YOLO9000: Better, Faster, Stronger - Redmon et al. - 2016
Info
- Title: YOLO9000: Better, Faster, Stronger
- Task: Object Detection
- Author: J. Redmon and A. Farhadi
- Arxiv: 1612.08242
- Date: Dec. 2016
Highlights & Drawbacks
A significant improvement for YOLO).
Design
- Add BN to the convolutional layer and discard Dropout
- Higher size input
- Use Anchor Boxes and replace the fully connected layer with convolution in the head
- Use the clustering method to get a better a priori for generating Anchor Boxes
- Refer to the Fast R-CNN method for log/exp transformation of position coordinates to keep the loss of coordinate regression at the appropriate order of magnitude.

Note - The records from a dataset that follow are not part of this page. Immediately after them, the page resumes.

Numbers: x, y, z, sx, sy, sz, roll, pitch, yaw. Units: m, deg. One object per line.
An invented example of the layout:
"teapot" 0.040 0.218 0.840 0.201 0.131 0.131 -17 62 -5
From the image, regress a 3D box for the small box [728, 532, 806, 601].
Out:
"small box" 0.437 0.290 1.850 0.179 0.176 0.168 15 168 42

- Passthrough layer: Similar to ResNet’s skip-connection, stitching feature maps of different sizes together
- Multi-scale training
- More efficient network Darknet-19, a VGG-like network, achieves the same accuracy as the current best on ImageNet with fewer parameters.

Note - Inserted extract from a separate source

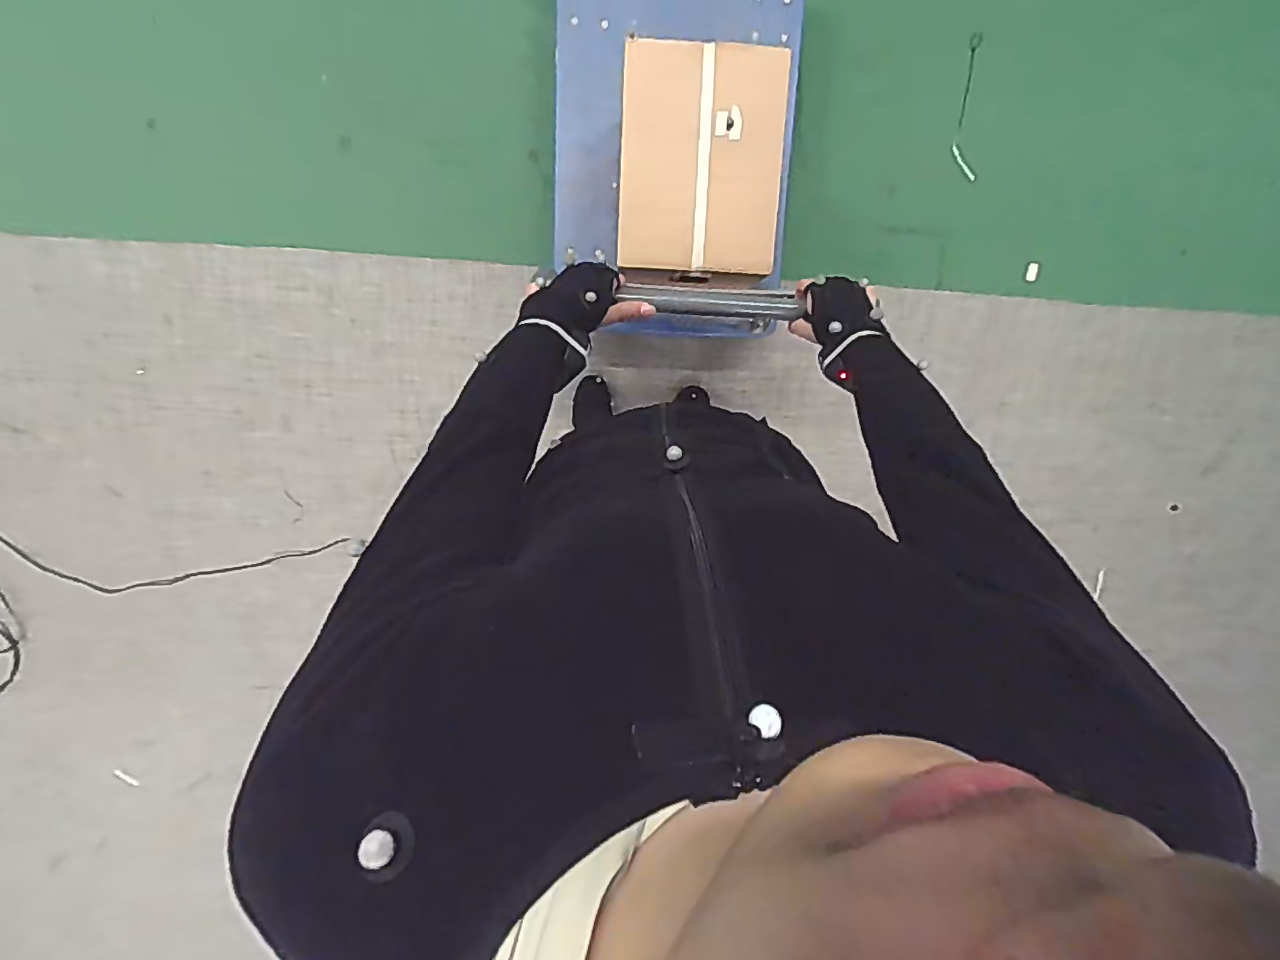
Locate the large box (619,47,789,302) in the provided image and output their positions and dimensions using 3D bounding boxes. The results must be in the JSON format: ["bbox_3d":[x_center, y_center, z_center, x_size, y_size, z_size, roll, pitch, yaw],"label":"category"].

After this improvement, YOLOv2 absorbs the advantages of a lot of work, achieving the accuracy and faster inference speed of SSD.

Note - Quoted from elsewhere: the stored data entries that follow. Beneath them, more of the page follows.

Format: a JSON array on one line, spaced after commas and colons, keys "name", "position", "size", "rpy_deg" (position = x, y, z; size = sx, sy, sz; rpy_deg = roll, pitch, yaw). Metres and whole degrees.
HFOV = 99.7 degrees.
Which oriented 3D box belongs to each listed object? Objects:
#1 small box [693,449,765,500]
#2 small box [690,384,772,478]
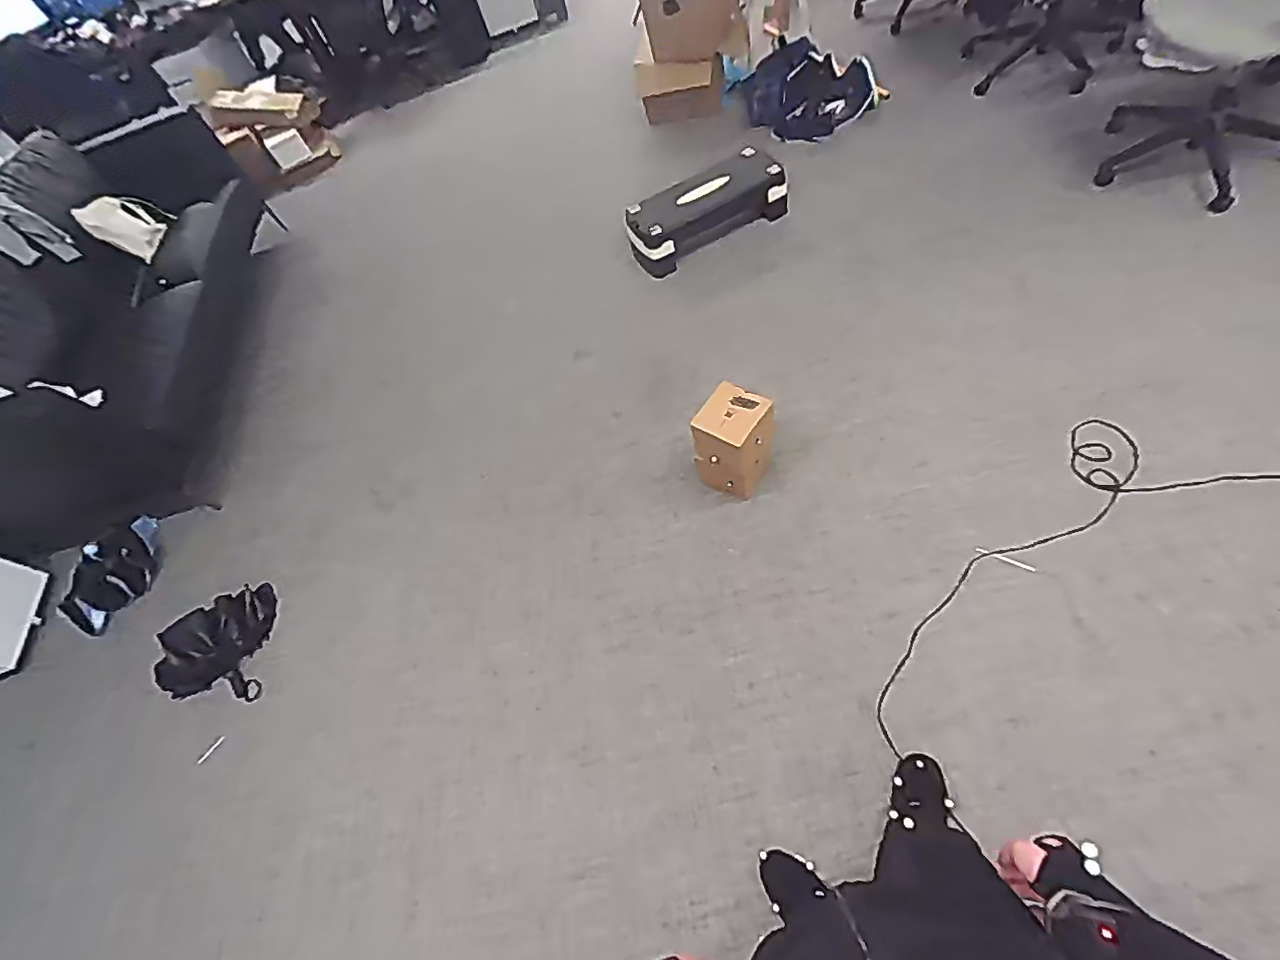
[{"name": "small box", "position": [0.289, -0.065, 1.709], "size": [0.168, 0.176, 0.179], "rpy_deg": [22, 66, 25]}, {"name": "small box", "position": [0.267, -0.140, 1.564], "size": [0.168, 0.176, 0.179], "rpy_deg": [30, 72, 28]}]

Performance & Ablation Study

Code
Check full introduction at YOLO9000: Better, Faster, Stronger - Redmon et al. - 2016.
(RetinaNet)Focal loss for dense object detection - Lin - ICCV 2017
Info
- Title: Focal loss for dense object detection
- Task: Object Detection
- Author: T. Lin, P. Goyal, R. B. Girshick, K. He, and P. Dollár
- Date: Aug. 2017
- Arxiv: 1708.02002
- Published: ICCV 2017(Best Student Paper)
Highlights & Drawbacks
- Loss function improvement
- For Dense samples from single-stage models like SSD
Design
In single-stage models, a massive number of training samples are calculated in the loss function at the same time, because of the lack of proposing candidate regions. Based on findings that the loss of a single-stage model is dominated by easy samples(usually backgrounds), Focal Loss introduces a suppression factor on losses from these easy samples, in order to let hard cases play a bigger role in the training process.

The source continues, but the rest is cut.